GOAL OF THE EXERCISE. The data below holds a line containing "18. can of tomato sauce <box>1184,671,1350,784</box>" and a line containing "1. name: x y z sx sy sz roll pitch yaw"; please quote exactly those two lines and every line between them, and nothing else.

Records from a collection.
[Start of Attachment]
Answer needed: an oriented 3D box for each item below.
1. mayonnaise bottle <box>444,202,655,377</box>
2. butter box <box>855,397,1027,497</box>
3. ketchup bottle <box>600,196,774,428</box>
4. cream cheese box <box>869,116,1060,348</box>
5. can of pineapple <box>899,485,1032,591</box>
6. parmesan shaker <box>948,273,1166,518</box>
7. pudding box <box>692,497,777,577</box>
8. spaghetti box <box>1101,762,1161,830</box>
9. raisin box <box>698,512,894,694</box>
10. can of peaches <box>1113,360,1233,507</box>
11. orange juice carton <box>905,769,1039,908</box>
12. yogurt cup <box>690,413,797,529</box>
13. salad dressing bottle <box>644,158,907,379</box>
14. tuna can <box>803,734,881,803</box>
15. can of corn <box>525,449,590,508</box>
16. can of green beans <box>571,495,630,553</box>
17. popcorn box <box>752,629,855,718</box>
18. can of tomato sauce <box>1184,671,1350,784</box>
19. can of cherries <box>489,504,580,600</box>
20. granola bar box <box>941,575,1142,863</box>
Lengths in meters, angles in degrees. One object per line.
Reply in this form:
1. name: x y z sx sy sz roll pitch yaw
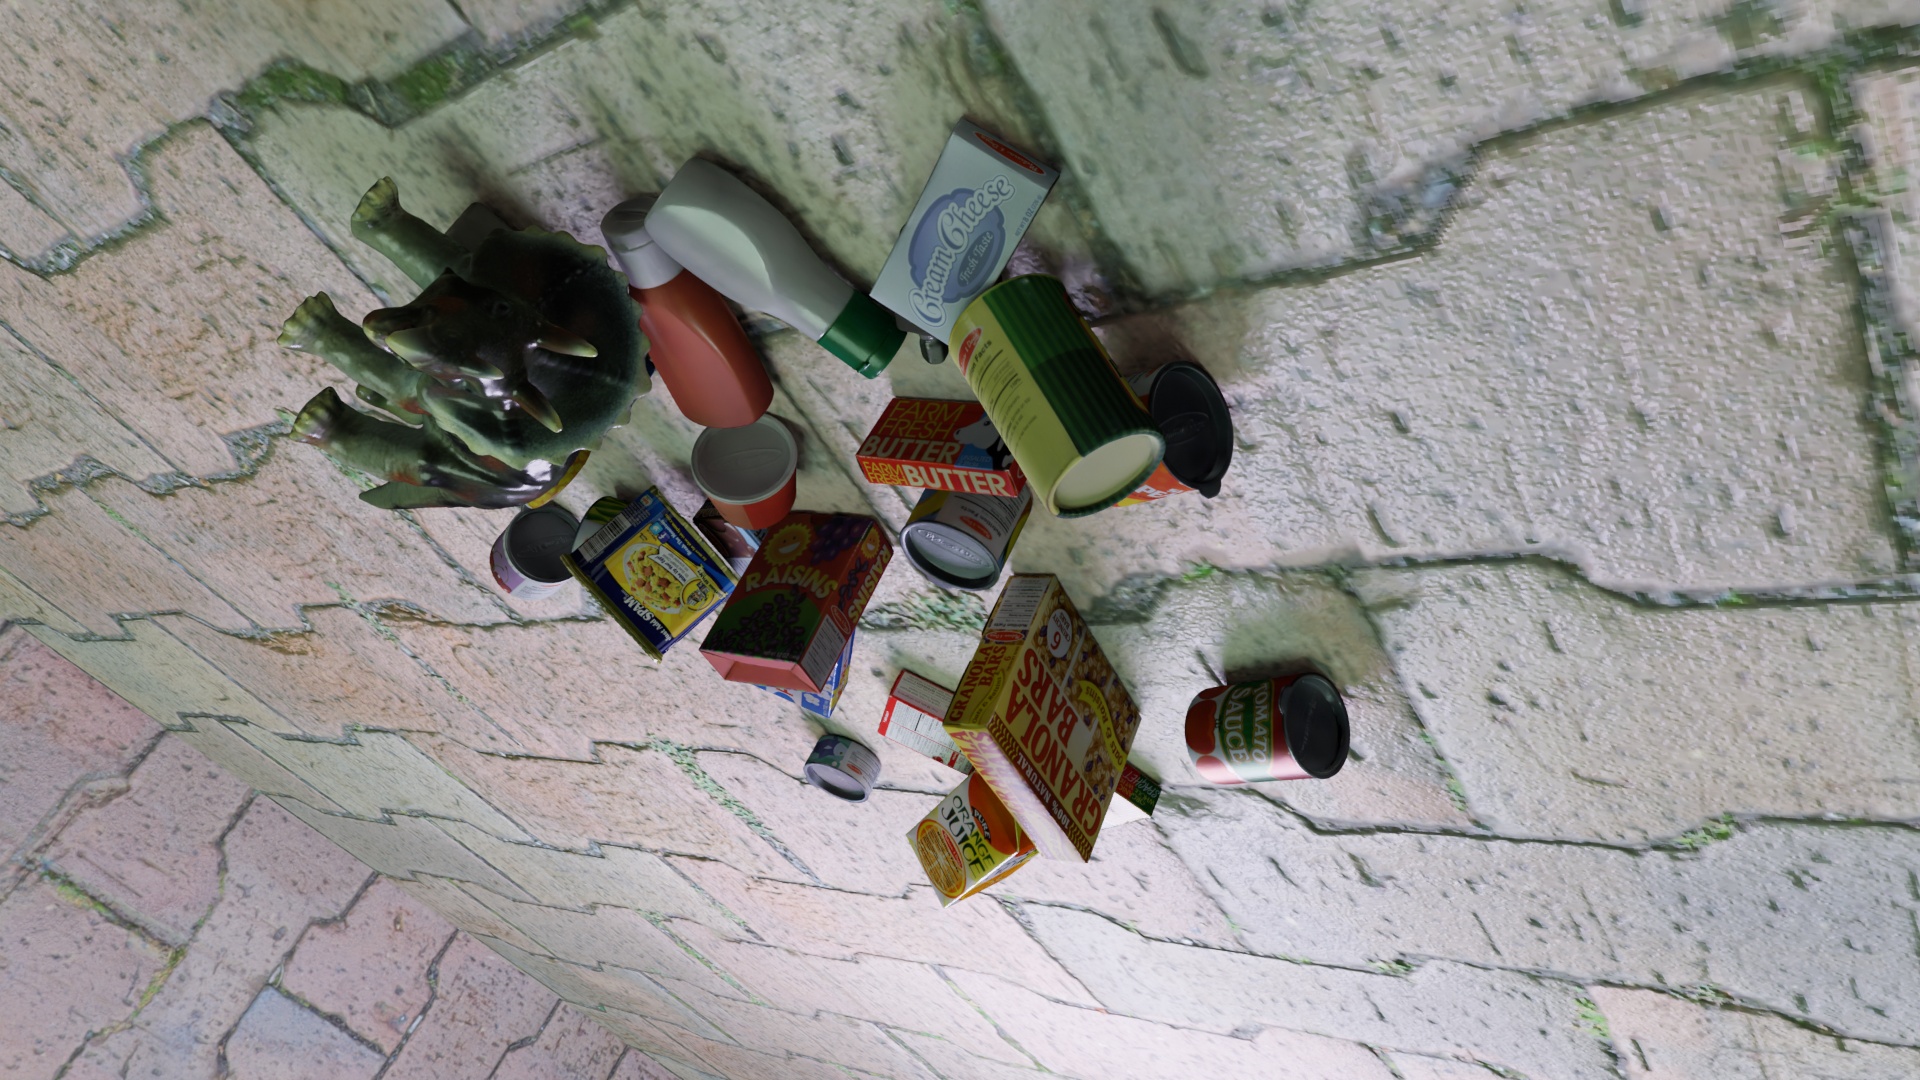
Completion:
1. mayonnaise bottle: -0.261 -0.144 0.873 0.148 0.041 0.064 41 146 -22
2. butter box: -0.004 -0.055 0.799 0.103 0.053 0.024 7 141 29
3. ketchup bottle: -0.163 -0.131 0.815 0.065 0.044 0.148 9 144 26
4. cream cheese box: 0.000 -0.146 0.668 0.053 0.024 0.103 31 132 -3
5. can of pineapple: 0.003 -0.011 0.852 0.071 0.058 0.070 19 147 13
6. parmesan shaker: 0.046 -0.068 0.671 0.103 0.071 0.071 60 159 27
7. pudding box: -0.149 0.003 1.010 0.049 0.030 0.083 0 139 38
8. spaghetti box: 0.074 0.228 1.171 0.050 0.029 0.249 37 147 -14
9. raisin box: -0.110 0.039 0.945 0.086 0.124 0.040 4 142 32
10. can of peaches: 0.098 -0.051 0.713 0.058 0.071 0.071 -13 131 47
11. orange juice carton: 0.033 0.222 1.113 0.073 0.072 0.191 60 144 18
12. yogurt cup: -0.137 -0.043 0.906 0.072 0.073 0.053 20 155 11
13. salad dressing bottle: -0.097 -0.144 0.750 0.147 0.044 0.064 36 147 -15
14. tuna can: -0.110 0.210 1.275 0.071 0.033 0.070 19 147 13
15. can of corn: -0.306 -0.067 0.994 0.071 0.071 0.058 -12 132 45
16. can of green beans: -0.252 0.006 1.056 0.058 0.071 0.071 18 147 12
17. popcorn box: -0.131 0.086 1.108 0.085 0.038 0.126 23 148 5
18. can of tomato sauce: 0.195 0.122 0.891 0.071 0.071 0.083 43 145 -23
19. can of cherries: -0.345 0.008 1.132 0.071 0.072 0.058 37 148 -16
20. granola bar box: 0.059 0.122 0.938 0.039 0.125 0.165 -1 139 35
[End of Attachment]
SOLUTION FOR THIS TASK.
18. can of tomato sauce <box>1184,671,1350,784</box>
19. can of cherries <box>489,504,580,600</box>
20. granola bar box <box>941,575,1142,863</box>
Lengths in meters, angles in degrees. One object per line.
Reply in this form:
1. name: x y z sx sy sz roll pitch yaw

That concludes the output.